In this page, I will talk about few tips related to batch normalization in neural networks. Main reference for this page is the original batch normalization paper.

Batch normalization

• The main goal in batch normalization is to prevent the internal covariate shift within the layers of the network by restricting the changes to each layer to a specific range. This allows the parameters in the previous layers of the network to change without significant changes to the distribution of the inputs to subsequent layers. Complete normalization of the inputs to each layer is an expensive operation and requires computing the covariate matrix. Alternatively, batch normalization is a differentiable transformation that does not require the analysis of the entire training set after every parameter update. Since the input distribution of each layer does not change significantly when we use batch normalization, it significantly speeds up the training process of neural networks while boosting the performance of it.

• Batch normalization makes two simplications to achieve the goal of normalizing data. First the ``whitening’’ process is done for each feature independently of all the other features to make it 0 have a 0 mean and variance of 1. Secondly, batch normalization uses mini-batches in stochastic gradient training, each mini-batch produces estimates of the mean and variance of each activation.

• Normalizing the $k$-th feature dimension of the $d$-dimensional input $x=(x^{1}, \dots, x^{d})$ as

\[\hat{x}^k = \frac{x^k - \mathbb{E}[x^k]}{\sqrt{\mathrm{VAR}[x^k]}}\]

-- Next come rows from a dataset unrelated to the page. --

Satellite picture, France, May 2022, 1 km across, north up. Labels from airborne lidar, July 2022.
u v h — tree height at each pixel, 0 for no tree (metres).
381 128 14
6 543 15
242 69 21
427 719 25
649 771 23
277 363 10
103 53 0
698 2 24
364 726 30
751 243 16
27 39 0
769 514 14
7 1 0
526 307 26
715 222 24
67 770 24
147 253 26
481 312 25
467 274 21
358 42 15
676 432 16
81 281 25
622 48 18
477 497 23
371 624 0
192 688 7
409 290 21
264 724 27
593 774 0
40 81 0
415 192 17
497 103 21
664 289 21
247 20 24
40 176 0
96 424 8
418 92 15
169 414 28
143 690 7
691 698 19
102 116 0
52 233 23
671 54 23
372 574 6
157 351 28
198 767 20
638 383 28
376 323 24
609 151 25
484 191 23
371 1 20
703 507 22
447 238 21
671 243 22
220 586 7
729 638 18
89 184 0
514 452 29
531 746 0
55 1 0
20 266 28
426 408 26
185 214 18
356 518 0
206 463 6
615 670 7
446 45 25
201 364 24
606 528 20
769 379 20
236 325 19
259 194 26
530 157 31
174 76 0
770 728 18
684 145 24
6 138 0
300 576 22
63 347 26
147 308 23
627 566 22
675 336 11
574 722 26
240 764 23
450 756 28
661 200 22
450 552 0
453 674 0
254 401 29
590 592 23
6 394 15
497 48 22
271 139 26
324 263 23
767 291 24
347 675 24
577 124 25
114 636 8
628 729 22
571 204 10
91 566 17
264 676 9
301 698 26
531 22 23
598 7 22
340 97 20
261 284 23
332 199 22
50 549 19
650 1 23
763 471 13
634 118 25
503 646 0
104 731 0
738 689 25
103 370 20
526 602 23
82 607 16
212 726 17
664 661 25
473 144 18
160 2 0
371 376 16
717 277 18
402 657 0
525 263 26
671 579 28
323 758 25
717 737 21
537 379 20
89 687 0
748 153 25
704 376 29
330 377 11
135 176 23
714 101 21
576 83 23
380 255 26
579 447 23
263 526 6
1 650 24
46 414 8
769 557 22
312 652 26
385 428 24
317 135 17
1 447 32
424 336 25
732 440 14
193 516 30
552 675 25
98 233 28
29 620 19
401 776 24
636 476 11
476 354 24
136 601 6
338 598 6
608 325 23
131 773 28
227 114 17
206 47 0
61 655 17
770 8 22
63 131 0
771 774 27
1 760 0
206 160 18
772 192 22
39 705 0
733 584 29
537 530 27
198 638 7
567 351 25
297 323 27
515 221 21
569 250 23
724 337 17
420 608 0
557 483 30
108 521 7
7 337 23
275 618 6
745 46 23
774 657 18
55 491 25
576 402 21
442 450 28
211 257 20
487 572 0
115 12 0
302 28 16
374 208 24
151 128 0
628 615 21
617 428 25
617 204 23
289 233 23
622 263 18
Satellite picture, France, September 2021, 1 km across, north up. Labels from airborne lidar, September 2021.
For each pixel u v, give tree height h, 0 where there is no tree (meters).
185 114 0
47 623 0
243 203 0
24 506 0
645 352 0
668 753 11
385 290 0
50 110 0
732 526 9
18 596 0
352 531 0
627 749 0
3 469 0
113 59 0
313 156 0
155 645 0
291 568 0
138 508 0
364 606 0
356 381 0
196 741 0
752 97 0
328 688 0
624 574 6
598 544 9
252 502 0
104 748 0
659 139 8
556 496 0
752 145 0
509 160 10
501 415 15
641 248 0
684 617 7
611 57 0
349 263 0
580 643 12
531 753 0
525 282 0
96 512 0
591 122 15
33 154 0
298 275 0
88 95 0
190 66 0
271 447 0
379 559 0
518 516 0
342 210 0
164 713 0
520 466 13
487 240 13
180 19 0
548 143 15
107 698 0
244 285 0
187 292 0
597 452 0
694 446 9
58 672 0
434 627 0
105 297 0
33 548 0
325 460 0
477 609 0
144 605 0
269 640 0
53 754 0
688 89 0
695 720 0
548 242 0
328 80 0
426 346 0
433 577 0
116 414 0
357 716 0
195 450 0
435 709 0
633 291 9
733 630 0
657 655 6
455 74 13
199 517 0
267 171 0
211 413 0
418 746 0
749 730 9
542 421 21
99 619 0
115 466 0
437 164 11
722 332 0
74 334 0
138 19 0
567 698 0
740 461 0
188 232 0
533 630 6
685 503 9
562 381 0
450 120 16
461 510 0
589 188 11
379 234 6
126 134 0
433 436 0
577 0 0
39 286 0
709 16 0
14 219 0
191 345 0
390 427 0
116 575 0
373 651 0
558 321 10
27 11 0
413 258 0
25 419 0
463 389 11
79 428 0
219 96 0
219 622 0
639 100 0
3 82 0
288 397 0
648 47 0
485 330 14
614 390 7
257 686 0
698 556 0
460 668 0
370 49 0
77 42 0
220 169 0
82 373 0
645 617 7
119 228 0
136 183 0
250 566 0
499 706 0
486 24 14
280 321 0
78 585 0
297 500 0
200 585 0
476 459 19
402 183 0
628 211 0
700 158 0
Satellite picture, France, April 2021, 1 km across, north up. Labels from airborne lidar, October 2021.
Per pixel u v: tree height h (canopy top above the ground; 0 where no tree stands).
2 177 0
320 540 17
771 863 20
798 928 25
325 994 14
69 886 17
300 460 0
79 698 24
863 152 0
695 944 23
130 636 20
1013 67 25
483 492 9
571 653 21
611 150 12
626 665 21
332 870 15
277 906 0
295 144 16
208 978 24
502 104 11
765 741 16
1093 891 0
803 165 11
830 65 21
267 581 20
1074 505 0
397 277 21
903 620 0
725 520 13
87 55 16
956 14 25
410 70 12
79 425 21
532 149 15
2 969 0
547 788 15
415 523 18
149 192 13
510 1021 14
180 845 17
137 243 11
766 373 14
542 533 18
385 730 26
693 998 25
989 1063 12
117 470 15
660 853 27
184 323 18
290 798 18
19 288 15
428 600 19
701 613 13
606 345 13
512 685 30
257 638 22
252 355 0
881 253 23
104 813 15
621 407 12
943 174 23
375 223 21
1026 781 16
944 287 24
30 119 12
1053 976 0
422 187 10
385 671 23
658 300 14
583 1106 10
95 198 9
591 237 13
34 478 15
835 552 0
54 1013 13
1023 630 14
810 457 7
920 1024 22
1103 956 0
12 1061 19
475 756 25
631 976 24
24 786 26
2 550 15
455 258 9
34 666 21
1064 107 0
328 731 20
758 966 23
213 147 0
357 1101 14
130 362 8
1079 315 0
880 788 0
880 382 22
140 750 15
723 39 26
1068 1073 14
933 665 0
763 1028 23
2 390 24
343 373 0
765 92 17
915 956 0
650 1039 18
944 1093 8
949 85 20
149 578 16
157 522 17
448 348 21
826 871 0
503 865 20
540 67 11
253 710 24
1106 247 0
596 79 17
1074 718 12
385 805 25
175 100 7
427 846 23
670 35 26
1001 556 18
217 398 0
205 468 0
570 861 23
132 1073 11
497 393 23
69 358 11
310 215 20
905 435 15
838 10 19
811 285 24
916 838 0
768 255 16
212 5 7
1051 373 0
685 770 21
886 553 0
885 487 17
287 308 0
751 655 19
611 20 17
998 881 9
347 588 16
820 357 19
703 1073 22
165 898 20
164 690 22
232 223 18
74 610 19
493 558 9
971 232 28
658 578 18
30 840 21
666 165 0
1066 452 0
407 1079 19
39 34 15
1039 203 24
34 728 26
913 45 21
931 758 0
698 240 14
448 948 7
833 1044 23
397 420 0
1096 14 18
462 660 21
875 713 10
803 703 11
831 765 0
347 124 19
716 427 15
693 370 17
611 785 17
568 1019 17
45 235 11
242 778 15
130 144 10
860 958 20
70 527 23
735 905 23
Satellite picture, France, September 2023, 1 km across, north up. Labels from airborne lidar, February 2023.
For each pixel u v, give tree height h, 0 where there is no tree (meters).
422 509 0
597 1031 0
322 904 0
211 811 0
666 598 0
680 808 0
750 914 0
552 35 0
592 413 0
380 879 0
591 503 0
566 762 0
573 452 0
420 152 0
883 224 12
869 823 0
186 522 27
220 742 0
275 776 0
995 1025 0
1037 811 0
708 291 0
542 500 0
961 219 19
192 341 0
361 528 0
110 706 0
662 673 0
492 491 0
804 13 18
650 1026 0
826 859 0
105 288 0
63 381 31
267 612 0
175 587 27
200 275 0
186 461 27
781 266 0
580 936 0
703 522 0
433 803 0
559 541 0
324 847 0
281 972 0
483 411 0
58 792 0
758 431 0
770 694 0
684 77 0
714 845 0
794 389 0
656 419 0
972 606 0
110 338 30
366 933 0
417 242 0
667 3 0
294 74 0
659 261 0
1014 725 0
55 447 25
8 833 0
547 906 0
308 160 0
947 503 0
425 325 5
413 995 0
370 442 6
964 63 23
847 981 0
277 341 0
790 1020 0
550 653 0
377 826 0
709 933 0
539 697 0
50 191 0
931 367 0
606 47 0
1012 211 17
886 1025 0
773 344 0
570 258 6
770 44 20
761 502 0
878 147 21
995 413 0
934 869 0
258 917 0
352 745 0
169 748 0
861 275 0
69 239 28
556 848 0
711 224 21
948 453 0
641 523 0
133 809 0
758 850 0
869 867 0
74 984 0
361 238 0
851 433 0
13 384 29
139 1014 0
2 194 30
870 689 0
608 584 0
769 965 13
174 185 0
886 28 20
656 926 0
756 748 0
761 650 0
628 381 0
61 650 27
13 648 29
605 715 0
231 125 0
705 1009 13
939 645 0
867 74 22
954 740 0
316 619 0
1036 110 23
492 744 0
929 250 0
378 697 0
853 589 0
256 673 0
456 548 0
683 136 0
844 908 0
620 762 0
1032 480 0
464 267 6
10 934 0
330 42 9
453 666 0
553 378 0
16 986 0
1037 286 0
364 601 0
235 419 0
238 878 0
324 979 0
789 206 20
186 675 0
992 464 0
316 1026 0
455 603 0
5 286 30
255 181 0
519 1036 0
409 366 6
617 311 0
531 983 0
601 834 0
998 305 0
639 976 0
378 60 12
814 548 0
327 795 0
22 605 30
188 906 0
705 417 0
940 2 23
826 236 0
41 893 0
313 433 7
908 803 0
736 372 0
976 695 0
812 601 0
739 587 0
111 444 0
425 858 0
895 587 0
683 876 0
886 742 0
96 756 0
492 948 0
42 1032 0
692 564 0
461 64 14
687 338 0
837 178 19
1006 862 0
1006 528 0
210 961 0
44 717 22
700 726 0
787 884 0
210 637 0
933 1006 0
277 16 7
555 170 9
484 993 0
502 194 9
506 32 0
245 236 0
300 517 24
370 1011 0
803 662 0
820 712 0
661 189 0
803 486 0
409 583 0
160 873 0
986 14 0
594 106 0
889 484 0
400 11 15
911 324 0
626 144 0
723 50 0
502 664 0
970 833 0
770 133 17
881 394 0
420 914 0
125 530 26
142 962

is known to speed-up the convergence even when features are not decorrelated. However, this may change what the layer can represent. To address this, we make sure that the transformation inserted in the network can represent the identity transform. To accomplish this, for each feature dimension $x^k$ we introduce a pair of parameters $\gamma^k, \beta^k$ which scale and shift the normalized value:

\[y^k = \gamma^k \hat{x}^k + \beta^k\]

These parameters are learned along with the original model parameters, and restore the representation power of the network. Algorithm 1 shows how batch normalization is done over a mini-batch.

• The scaled and shifted values $y$ are passed to other network layers. The normalized activations $\hat{x}$ are internal to our transformation, but their presence is crucial. The distributions of values of any $\hat{x}$ has the expected value of 0 and the variance of 1, as long as the elements of each mini-batch are sampled from the same distribution. These sub-network inputs all have fixed means and variances, and although the joint distribution of these normalized $\hat{x}^k$ can change over the course of training, we expect that the introduction of normalized inputs accelerates the training of the sub-network and, consequently, the network as a whole. The learned affine transform applied to these normalized activations allows the BN transform to represent the identity transformation and preserves the network capacity.